Beef did not start out being a competiive business and might not be today

If you’ve read much about the cattle drives of the 1800s, you likely know that once delivered to the railroads, the cattle ended up at one of the few meatpacking houses, most in Chicago. Food safety was, well, not a priority.

Just six companies — Swift, Armour, Morris, Cudahy, Wilson, and Schwerdter — dominated the meatpacking industry and were known collectively as the “Beef Trust.”

Beef packers today are known as the “Big Four” with as much os 85 percent of the market controlled by Tyson Foods, Cargill, National Beef, and JBS USA. 

Just as he did during his first term, President Trump has ordered the Department of Justice to investigate whether the “Big Four” are engaged in “illicit collusion, price fixing, and price manipulation.”

President Theodore Roosevelt is credited with destroying the “Beef Trust” in Swift & Co. v.
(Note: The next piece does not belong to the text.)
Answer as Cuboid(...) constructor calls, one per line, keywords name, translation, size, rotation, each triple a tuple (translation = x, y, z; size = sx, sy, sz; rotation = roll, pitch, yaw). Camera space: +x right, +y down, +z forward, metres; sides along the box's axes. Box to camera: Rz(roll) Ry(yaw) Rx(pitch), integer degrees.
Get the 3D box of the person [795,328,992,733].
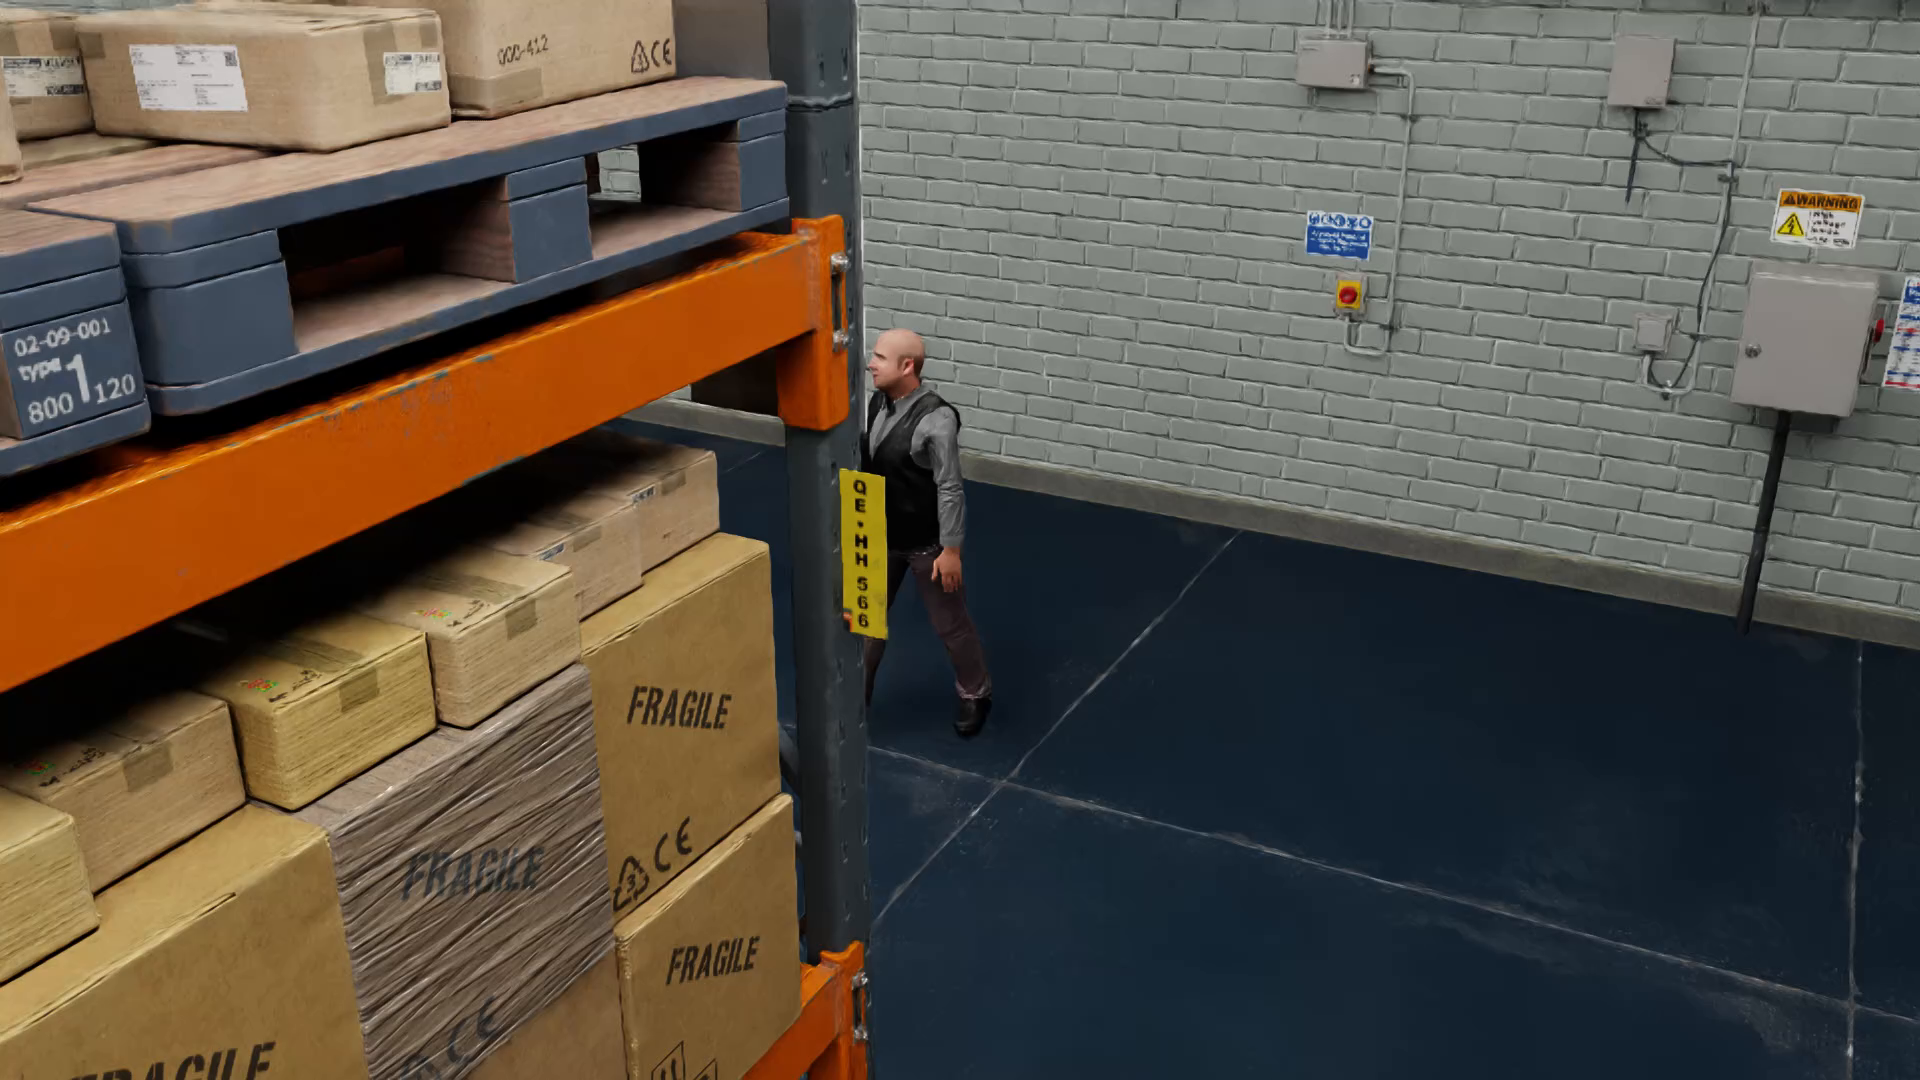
Cuboid(name="person", translation=(-0.235, -0.011, 6.628), size=(0.765, 1.699, 0.612), rotation=(-19, 29, -38))

United States, 196 U.S. 375 (1905) — the U.S. Supreme Court case ruling that the beef companies engaged in monopolistic price-fixing.  The ruling found Congress could regulate monopolies under the Commerce Clause.

In the 1902 case, it was Roosevelt’s Justice Department that investigated antitrust violations, including price-fixing, market division, and collusive practices to control the livestock and meat markets.

As President from 1901 to 1909, it also fell to Roosevelt to respond to the public outcry over “The Jungle” by Upton Sinclair, which led to his signing the U.S. Pure Food and Drug Act in 1906, bringing some food safety improvements to American slaughterhouses.

If six companies in the “Beef Trust” were guilty of monopolistic practice more than 100 years ago, how hard is it to prove the “Big Four” aren’t doing the same thing now?   Well, it’s apparently not as easy as past attempts — like Trump’s first try and others have ended quietly.

R-CALF USA CEO Bill Bullard, head of the nation’s largest cattle association exclusively representing cattle farmers and ranchers, has long sought such intervention. In his most recent weekly commentary, Bullard explains “how we got here.”

“After all, there have been complaints about the monopoly control over the United States’ beef supply chain for decades, with no meaningful government enforcement of our U.S. antitrust laws or the Packers and Stockyards Act (which prohibits explicitly anticompetitive conduct in livestock markets) – but with one significant exception, “ Bullard writes.

“We must go back about 18 years, to early 2008, when we learned that Brazilian-owned JBS wanted to purchase our nation’s fourth-largest beef packer, National Beef Packing Co., along with Smithfield Beef Group and the then-largest U.S. feedlot, Five Rivers Ranch Cattle Feeding,” he continues.

“We immediately requested the U.S. attorney general block the mergers, we asked the U.S. Senate Judiciary committee to launch an investigation, and we filed a private lawsuit to enforce our U.S. antitrust laws.”

“By early 2009, after the U.S. Department of Justice had filed an antitrust enforcement action, JBS withdrew one of its proposed acquisitions – the purchase of National Beef Packing Co.”

“That was our first antitrust victory, albeit a partial one, and it was the first meaningful antitrust enforcement action filed by the Department of Justice in decades on behalf of our industry.

Although the Justice Department’s action slowed the formation of our monopolized beef supply chain, it didn’t stop it, and our industry continued to shrink. In contrast, monopoly-structured cattle and beef markets persisted,” he adds.

Bullard ends saying: “Now we see the aftermath of years of neglect – cattle prices were recently falling while consumer beef prices were reaching new highs. And President Trump is intervening again, calling for an investigation and, this time, alleging unlawful conduct by the monopolistic beef packers.